The U.S. Fish and Wildlife Service entered into the settlement Monday with the nonprofit conservation organization to clean the paint from federal facilities on the atoll in the Hawaii archipelago, which is the world’s key breeding site for the seabirds, considered vulnerable to extinction, the center said.
The center filed a notice of intent to sue in 2010, arguing that the poisonous paint kills up to 10,000 Laysan albatross chicks each year and also threatens the endangered Laysan duck. Last year, the U.S. government awarded a $4.7 million contract to begin removing the paint.
The threat of a lawsuit spurred the government to look at the issue and begin the cleanup last year, said Shaye Wolf, climate science director for the Tucson, Ariz.-based center. The settlement requires the cleanup be completed by 2017 and allows the center or third parties potential access to test for contaminants in the Laysan duck.
“It did result in the release of funds from the Department of Interior to begin the cleanup,” Barry Stieglitz, refuge supervisor for the agency’s Hawaiian and Pacific Islands National Wildlife Refuge Complex, said of the notice of intent to sue.
Midway Atoll was used for many decades as a U.S. military base and still has several sources of pollution. The cleanup required by the settlement applies to existing military buildings that shed the lead-based paint chips that are then eaten by albatross chicks.

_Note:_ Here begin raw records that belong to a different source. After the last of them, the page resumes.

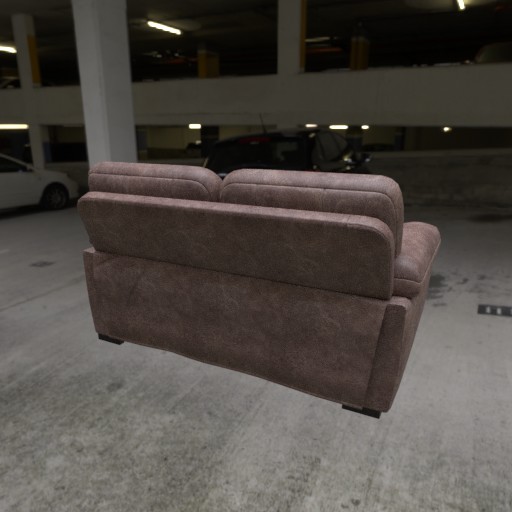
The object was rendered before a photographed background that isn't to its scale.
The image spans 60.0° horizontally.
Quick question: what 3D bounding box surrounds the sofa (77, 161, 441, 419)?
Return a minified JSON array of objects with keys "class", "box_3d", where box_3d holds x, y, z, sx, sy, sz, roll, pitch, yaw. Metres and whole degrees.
[{"class":"sofa","box_3d":[0.000,0.000,2.374,1.753,0.991,0.991,8,19,26]}]
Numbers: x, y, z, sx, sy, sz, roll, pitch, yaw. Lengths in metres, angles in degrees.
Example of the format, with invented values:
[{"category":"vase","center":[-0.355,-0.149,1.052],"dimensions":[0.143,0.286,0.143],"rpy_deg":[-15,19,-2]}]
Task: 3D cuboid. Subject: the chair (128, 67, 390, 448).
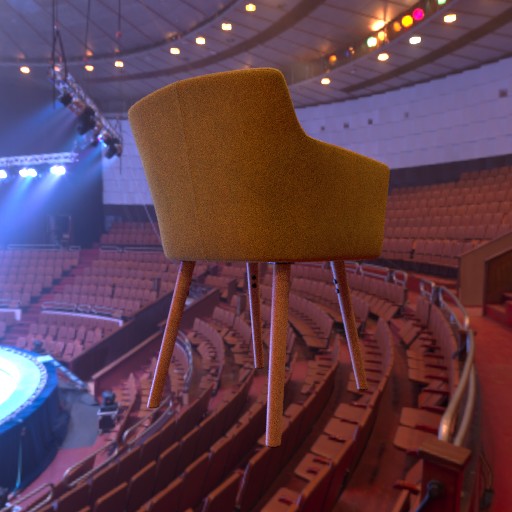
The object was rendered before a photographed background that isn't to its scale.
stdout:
[{"category":"chair","center":[0.000,0.000,1.191],"dimensions":[0.570,0.780,0.570],"rpy_deg":[1,1,37]}]

“The service’s agreement to finally clean up this dangerous lead-based paint is an important step toward returning this tiny island to its rightful role as a haven, not a deadly trap, for wildlife,” Wolf said. “Midway Atoll provides unparalleled nesting habitat for albatross, which fly thousands of miles over the Pacific Ocean in search of food and return to the atoll to nest each year.”

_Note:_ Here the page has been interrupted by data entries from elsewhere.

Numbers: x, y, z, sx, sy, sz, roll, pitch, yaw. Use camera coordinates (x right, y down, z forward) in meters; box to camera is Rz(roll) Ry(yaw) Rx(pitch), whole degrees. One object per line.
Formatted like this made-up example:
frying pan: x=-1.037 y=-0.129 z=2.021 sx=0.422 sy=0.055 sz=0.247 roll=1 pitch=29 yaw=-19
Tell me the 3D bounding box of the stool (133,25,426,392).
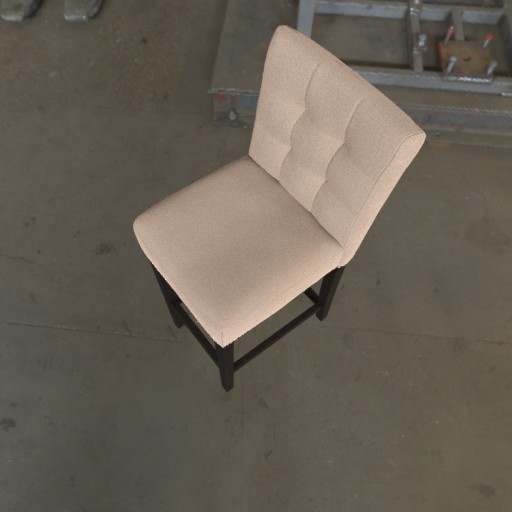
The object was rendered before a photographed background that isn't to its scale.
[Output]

More than 20 species of seabirds use Midway for nesting. The lead-based paint affects mostly the albatross, primarily the Laysan, which are the most numerous and nest closest to the buildings, Stieglitz said.

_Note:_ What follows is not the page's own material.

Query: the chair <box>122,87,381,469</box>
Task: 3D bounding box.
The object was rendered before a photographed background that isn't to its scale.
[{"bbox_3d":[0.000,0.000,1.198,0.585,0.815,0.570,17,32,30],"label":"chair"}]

Since 2005, about 37 of 95 buildings have been cleaned of the paint, Stieglitz said.
Work is limited to when the albatross isn’t nesting or largely away from Midway — during July, August and September.
“The albatross nest is literally everywhere, except on roads and rooftops,” Stieglitz said. “The construction season is fairly narrow.”
Workers try to lay black mesh around buildings to discourage nesting, in an attempt to lengthen the amount of time cleanup can occur, but that doesn’t always work.
The center noted that it’s especially important to protect albatross chicks after the March 2011 earthquake and tsunami in Japan killed about 110,000 Laysan and black-footed albatross chicks at Midway. At least 2,000 adults were also killed by tsunami waves washing over Midway’s three low-lying islands.